The secrecy makes it difficult to get a picture of the extent of the injuries.

RCMP policy says that if the Taser is fired from a distance, a member certified in first aid may remove the probes. "It is not necessary to have a medically trained person examine the individual, unless a probe is lodged in a sensitive part of the body, such as the eye or the groin, or the individual's physical condition warrants medical attention."

Officers are also told to make note of injuries, photograph them and obtain a statement from the person.

Officers are supposed to advise those zapped that the effects will be short-term, but also ensure they receive medical care "if any unusual reactions occur or if you think that he or she is in distress."

However, Germain Quesnel of Richmond, B.C., says he suffered a heart attack behind bars after being repeatedly Tasered by the RCMP in March 2003. Quesnel called police over an altercation he was having with his stepson. The Mounties arrested Quesnel, shocked him several times to get him out of the car, then again twice in a police cell. "I was blue and swelled up about two inch 'cause the Taser guy was not just Tasering me, he was ramming that Taser like a baseball bat," said Quesnel, now 47.

He complained of chest pains and asked for a doctor or an ambulance. An officer thought he was feigning distress to get an early release. Eight hours later, he was taken to hospital where doctors confirmed he had suffered a heart attack.

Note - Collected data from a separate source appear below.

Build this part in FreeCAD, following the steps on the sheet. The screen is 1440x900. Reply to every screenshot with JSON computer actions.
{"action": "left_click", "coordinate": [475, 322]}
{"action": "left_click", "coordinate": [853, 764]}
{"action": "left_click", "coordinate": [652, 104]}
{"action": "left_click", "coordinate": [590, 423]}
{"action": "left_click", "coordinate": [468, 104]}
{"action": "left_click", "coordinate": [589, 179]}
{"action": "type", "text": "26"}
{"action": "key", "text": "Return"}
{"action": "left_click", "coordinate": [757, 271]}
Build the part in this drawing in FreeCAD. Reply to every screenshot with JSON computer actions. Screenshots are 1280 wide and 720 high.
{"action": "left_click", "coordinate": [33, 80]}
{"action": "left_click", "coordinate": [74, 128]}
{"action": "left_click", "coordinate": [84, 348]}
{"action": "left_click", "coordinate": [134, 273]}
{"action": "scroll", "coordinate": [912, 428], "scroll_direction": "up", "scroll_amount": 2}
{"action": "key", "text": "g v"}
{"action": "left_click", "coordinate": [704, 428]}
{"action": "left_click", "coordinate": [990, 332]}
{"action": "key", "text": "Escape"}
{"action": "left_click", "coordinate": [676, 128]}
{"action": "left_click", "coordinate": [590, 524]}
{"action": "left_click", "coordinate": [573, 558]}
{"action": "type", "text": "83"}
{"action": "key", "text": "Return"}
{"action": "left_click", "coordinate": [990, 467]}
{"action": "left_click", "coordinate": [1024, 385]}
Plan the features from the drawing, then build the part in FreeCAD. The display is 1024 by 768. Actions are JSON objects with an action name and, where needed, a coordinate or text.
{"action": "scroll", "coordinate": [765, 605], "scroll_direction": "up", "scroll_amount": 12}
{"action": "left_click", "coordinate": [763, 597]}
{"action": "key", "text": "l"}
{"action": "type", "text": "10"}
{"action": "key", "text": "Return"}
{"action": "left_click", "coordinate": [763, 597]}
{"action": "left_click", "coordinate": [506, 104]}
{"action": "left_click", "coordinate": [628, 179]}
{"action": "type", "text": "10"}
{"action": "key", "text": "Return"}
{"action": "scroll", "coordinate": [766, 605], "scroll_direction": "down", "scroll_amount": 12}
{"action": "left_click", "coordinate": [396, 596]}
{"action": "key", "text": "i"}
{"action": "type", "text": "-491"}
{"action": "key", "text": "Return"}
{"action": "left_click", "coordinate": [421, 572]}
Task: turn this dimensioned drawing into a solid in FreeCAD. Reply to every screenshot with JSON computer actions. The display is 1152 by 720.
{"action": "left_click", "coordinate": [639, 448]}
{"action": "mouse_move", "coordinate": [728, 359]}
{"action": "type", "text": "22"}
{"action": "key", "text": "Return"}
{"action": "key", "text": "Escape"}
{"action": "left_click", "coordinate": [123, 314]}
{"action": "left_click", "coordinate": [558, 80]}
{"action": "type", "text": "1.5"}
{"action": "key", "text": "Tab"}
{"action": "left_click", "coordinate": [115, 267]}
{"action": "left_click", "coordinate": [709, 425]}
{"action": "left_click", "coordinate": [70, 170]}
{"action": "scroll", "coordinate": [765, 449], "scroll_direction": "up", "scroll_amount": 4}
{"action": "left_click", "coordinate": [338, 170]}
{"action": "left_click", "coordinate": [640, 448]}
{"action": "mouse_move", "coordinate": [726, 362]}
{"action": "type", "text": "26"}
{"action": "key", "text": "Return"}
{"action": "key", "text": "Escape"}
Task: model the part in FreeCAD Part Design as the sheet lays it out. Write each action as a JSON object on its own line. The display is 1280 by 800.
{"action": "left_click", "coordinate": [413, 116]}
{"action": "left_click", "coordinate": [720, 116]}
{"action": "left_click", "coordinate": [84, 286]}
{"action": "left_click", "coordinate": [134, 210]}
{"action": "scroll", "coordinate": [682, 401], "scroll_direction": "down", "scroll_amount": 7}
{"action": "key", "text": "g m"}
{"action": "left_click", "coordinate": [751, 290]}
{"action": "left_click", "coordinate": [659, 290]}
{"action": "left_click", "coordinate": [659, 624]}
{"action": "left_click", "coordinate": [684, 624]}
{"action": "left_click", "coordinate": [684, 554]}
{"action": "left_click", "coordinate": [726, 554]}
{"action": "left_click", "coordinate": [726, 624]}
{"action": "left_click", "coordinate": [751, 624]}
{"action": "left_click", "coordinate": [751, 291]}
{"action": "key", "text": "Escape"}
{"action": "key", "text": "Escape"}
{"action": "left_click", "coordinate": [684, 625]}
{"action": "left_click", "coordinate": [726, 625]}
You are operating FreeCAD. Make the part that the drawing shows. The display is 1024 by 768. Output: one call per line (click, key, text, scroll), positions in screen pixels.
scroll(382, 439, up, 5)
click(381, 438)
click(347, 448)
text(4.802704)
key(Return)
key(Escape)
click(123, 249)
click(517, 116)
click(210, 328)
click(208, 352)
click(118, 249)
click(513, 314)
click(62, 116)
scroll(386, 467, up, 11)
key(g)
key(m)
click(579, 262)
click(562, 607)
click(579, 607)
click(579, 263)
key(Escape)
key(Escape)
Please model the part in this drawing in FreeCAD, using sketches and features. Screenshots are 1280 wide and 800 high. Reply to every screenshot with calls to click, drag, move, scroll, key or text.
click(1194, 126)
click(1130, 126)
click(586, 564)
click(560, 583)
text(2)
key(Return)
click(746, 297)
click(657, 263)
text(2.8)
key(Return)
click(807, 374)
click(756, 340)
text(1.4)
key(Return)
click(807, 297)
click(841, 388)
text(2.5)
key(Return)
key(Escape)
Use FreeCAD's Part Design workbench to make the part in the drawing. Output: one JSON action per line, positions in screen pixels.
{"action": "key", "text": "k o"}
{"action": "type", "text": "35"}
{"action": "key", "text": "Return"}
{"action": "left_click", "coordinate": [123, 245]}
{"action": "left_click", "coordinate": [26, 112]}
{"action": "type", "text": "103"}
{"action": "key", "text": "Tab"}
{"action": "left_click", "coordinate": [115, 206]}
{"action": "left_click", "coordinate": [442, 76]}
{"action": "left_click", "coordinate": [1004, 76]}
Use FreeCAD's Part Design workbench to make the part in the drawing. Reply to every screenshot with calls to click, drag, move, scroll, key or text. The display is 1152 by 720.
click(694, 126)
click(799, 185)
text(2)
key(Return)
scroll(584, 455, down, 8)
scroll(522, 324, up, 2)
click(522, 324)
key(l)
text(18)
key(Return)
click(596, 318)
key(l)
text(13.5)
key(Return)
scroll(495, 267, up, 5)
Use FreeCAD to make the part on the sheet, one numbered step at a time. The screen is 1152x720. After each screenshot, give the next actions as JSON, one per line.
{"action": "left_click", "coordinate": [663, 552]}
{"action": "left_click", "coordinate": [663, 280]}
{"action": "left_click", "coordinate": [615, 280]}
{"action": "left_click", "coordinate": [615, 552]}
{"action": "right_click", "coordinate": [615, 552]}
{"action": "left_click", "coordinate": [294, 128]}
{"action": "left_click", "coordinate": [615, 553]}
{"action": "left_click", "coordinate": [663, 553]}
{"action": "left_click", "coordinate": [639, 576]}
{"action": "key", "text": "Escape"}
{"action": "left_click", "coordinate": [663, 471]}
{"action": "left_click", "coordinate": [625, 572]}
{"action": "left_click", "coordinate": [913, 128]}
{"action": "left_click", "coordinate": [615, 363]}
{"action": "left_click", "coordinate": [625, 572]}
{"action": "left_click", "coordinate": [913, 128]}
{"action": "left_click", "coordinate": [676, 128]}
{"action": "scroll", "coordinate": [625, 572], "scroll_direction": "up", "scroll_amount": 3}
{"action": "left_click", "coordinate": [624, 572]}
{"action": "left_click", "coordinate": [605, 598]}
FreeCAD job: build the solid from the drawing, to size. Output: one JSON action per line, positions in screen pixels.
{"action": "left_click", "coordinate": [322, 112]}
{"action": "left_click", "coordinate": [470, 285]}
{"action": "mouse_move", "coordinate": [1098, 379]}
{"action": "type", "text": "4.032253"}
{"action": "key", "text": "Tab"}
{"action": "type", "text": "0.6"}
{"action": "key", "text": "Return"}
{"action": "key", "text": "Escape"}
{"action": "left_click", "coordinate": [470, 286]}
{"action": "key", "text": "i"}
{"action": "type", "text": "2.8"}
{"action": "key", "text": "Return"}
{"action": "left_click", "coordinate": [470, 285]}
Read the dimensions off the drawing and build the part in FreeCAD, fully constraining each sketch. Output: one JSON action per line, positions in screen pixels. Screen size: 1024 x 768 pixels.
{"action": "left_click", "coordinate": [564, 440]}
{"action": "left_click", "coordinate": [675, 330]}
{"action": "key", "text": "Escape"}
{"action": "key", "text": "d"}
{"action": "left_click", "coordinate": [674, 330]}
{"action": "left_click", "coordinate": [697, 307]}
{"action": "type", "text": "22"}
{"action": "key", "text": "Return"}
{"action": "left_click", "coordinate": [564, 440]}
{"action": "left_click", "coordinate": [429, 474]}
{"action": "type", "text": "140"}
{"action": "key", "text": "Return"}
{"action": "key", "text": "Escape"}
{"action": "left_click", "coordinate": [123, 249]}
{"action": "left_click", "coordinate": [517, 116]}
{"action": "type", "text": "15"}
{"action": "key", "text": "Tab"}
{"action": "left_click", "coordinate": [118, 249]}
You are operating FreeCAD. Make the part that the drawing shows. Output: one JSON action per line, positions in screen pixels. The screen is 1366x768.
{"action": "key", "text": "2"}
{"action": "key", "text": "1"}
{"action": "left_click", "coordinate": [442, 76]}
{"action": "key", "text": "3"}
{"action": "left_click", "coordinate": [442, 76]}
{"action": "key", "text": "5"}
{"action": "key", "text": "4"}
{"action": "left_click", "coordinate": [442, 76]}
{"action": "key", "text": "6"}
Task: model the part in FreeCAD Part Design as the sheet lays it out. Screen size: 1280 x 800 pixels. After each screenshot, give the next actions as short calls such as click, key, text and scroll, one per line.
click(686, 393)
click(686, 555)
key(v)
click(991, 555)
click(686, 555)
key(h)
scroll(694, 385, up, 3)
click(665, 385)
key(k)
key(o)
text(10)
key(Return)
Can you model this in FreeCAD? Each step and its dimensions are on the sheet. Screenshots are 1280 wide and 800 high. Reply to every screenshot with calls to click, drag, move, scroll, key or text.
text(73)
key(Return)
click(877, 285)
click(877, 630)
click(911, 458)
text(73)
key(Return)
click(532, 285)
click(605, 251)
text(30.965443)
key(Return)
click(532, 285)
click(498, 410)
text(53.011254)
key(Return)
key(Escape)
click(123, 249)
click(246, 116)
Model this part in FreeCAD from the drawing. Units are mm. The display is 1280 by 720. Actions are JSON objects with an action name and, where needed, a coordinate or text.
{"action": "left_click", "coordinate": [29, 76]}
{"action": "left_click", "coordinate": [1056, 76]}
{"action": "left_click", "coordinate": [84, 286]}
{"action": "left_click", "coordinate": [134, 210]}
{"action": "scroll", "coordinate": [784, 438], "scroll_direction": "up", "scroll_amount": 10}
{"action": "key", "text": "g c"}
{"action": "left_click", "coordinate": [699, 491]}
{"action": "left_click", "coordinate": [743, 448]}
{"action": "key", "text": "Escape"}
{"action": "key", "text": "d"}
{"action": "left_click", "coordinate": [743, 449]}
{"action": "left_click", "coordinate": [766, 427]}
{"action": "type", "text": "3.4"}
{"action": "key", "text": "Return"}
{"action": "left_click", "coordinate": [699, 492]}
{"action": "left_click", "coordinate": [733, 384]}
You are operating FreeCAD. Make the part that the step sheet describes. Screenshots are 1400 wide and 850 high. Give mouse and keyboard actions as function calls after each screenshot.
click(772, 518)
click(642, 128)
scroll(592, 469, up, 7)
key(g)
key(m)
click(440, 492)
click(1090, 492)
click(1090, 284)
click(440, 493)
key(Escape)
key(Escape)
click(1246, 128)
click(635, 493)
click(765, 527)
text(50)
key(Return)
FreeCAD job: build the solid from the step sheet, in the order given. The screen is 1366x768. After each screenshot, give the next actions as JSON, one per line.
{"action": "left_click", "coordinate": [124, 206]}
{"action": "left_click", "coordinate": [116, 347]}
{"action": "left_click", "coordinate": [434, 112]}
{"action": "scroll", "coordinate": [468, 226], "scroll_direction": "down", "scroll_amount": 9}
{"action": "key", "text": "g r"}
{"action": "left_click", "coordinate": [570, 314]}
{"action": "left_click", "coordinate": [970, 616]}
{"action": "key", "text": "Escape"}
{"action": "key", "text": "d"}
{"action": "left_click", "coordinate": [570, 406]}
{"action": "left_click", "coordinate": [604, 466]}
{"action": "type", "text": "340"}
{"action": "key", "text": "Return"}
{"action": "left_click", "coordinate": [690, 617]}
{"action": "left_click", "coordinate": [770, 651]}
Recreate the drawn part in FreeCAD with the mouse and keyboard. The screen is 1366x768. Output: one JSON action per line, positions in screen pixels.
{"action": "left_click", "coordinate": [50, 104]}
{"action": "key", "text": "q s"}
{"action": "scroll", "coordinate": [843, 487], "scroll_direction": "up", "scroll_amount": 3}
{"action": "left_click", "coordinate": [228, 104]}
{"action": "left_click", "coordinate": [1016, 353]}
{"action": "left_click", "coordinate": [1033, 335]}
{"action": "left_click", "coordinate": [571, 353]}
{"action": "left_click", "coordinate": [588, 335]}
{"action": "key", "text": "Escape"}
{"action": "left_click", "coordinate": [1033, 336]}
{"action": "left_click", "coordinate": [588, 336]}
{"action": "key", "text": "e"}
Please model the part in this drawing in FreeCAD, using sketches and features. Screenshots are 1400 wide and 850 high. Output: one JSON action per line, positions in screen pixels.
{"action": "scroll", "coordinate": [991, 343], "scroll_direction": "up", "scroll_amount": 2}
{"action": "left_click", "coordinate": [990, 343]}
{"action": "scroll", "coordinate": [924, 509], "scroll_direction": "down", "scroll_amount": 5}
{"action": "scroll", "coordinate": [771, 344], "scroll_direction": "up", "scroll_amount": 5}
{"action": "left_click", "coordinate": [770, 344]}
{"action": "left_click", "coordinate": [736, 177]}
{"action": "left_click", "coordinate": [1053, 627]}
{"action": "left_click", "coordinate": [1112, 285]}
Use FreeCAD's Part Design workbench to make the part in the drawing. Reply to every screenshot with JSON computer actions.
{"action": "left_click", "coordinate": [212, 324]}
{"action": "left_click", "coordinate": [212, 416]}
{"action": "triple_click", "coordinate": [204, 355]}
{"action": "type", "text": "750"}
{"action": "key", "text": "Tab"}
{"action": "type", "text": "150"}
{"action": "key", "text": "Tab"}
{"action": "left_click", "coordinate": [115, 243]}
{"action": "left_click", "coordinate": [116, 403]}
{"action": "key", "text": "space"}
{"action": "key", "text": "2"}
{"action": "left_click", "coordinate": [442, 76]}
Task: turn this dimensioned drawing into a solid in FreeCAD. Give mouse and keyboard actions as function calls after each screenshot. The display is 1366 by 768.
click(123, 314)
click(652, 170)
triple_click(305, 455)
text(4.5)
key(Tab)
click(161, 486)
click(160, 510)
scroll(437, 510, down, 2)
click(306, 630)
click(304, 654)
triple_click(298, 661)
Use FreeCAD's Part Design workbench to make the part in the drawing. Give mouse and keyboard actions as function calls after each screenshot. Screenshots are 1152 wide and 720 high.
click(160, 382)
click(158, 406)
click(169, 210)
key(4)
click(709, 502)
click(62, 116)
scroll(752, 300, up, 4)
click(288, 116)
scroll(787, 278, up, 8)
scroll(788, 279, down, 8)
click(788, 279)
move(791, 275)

Dr. Paul Dorian, a cardiologist and professor of medicine at the University of Toronto, says officers need to assume they may hurt someone when they use the Taser and treat all injuries seriously.

Murray Mollard of the British Columbia Civil Liberties Association said Tasers, which the RCMP considers an intermediate means of force -- along with pepper spray and the baton -- should be closer to a firearm on the force scale.